**Your objective**
Scan the entries and copy each line where the word "Which" is present.

**Task material**
- Opening Delimiter -
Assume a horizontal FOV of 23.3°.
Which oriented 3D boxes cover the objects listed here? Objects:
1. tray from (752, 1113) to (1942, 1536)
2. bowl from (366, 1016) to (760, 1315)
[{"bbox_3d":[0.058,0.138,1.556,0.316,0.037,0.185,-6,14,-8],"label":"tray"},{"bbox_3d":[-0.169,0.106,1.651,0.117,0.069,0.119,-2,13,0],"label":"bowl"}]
- Closing Delimiter -
- Opening Delimiter -
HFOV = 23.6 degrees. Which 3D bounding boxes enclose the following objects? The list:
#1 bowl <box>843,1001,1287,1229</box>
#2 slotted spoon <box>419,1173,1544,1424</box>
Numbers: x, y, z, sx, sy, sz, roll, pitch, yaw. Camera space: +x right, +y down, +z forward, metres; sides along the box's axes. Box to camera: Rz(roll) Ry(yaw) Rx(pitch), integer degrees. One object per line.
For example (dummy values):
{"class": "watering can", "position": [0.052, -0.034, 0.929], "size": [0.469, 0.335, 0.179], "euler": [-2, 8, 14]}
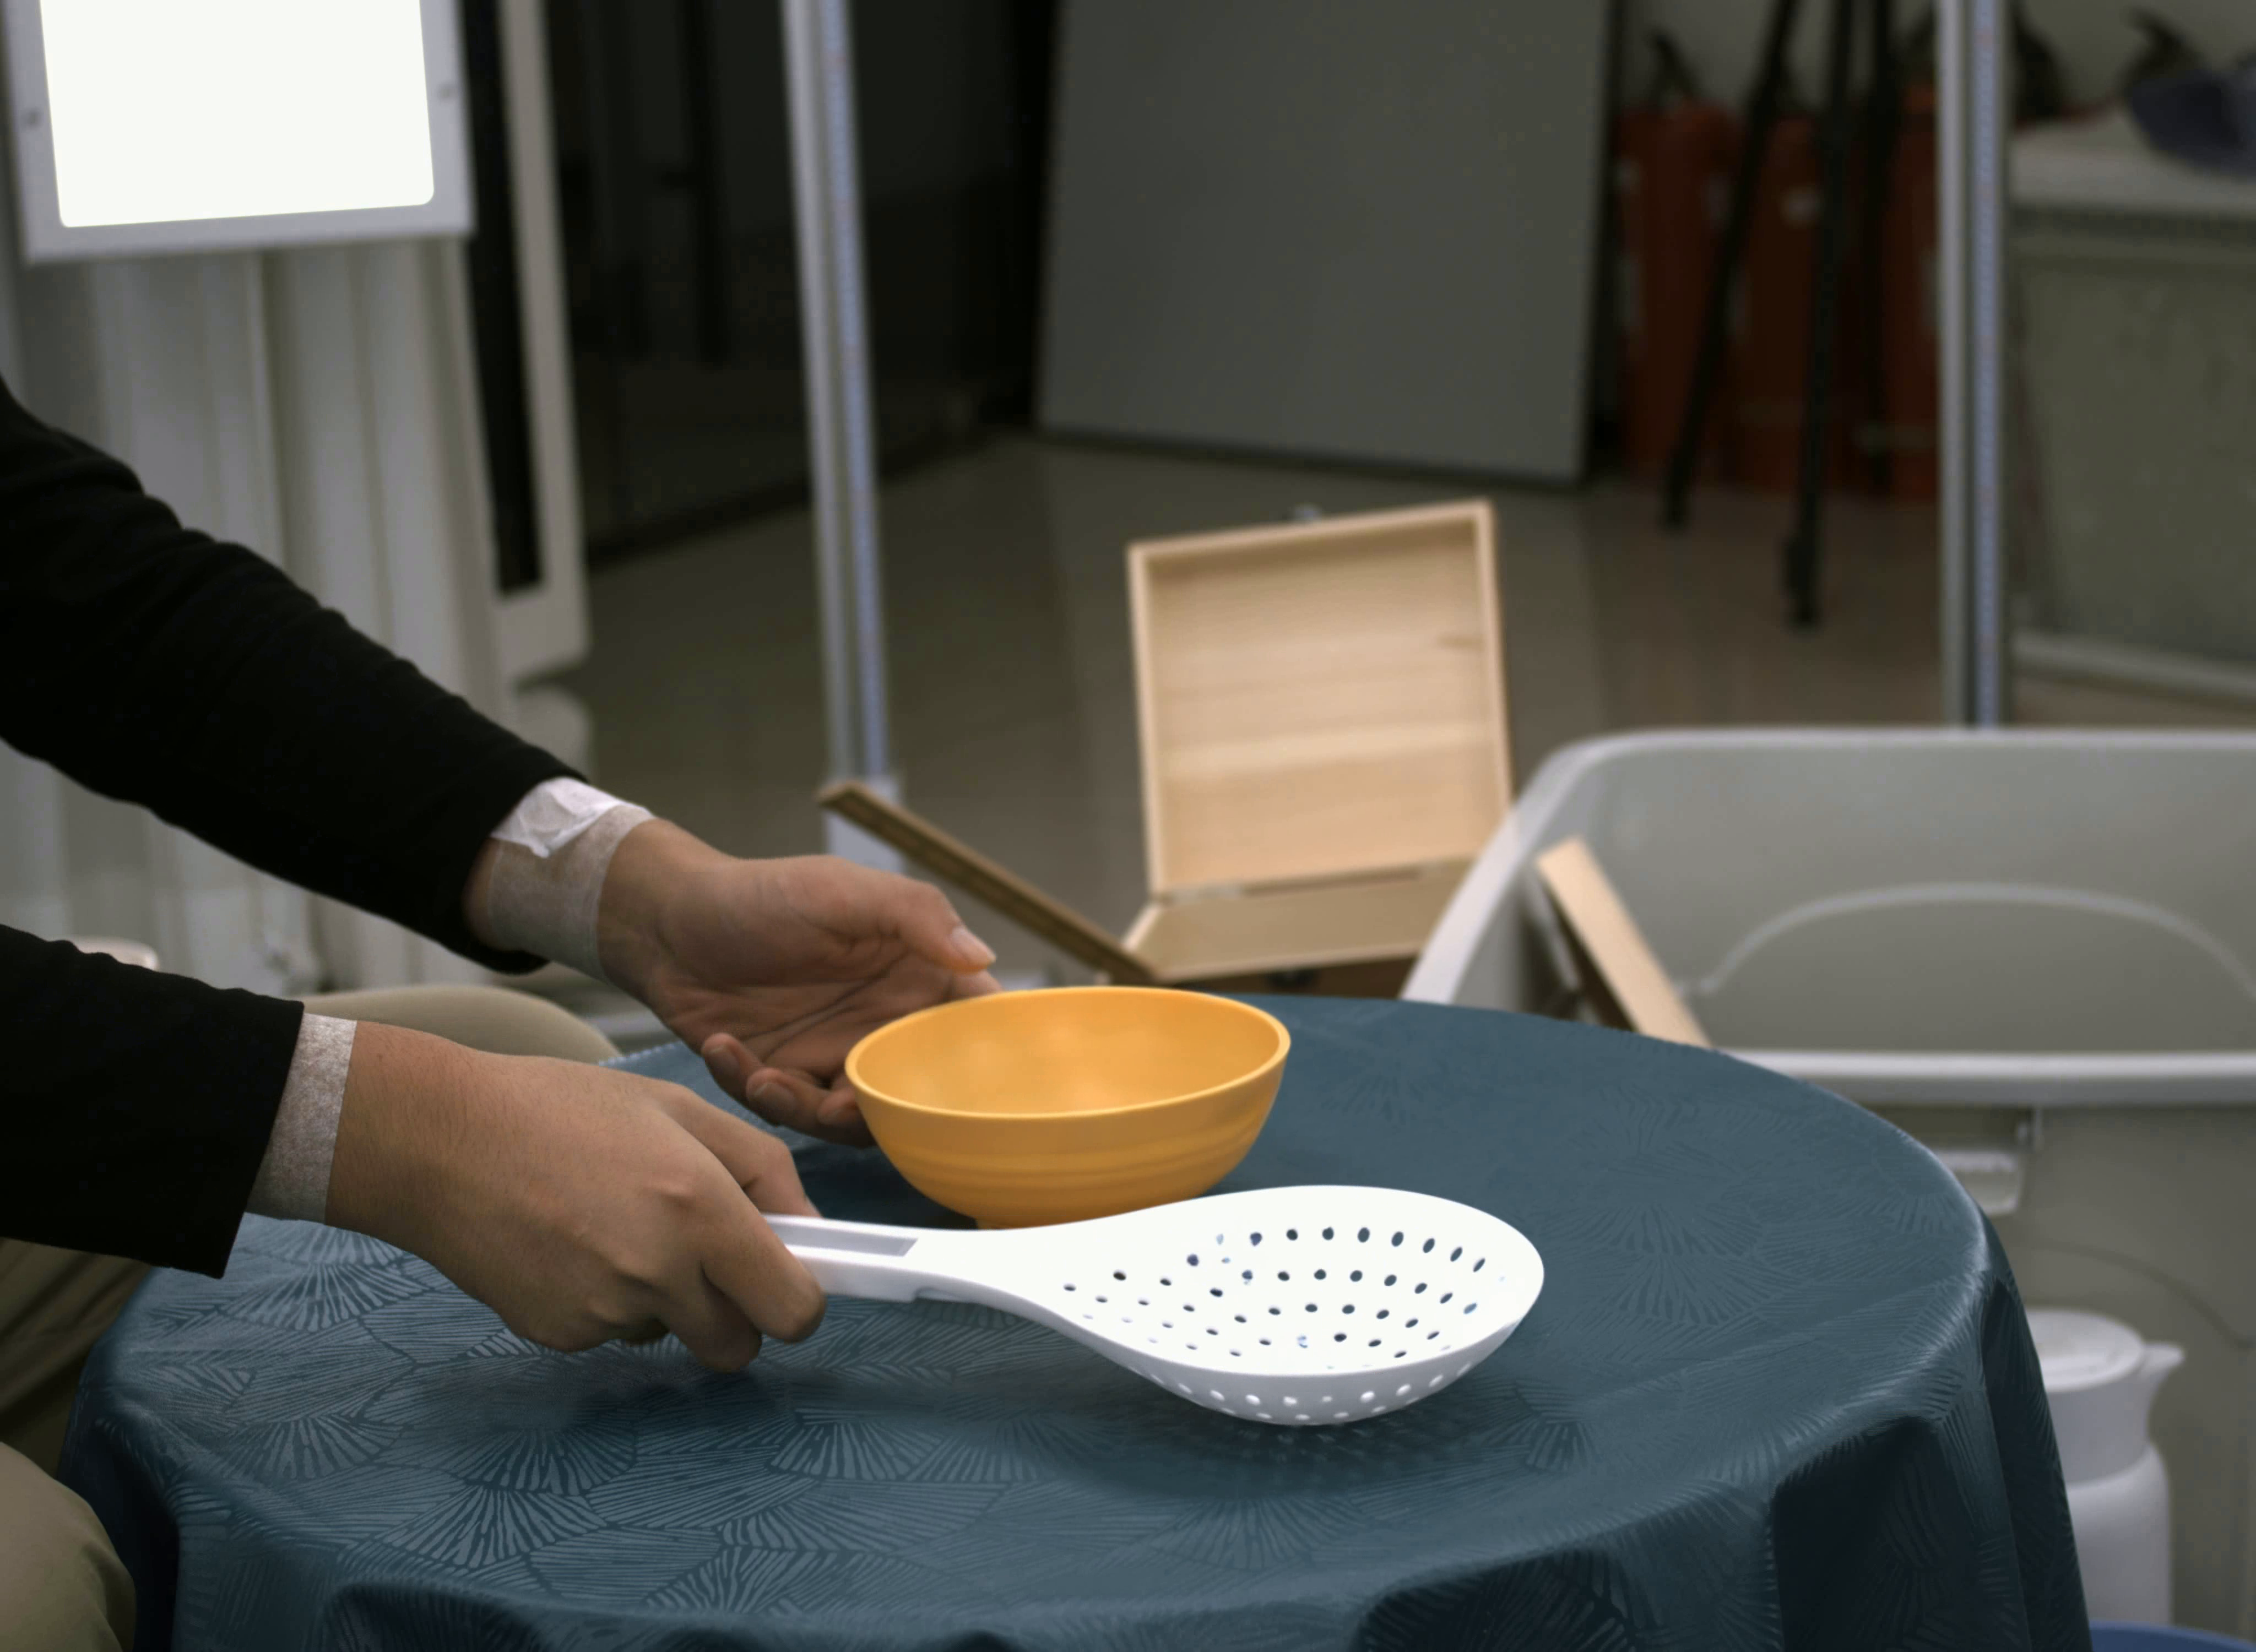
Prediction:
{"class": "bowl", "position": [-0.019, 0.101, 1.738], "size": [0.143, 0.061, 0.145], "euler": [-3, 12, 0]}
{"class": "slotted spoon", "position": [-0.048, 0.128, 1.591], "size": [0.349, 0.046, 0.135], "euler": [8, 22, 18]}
- Closing Delimiter -
- Opening Delimiter -
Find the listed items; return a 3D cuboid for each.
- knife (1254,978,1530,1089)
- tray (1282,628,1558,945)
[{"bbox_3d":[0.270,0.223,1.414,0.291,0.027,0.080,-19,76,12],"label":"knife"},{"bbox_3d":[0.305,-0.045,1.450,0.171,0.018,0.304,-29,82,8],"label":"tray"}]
- Closing Delimiter -
**Output for this exercise**
Which oriented 3D boxes cover the objects listed here? Objects:
HFOV = 23.6 degrees. Which 3D bounding boxes enclose the following objects? The list:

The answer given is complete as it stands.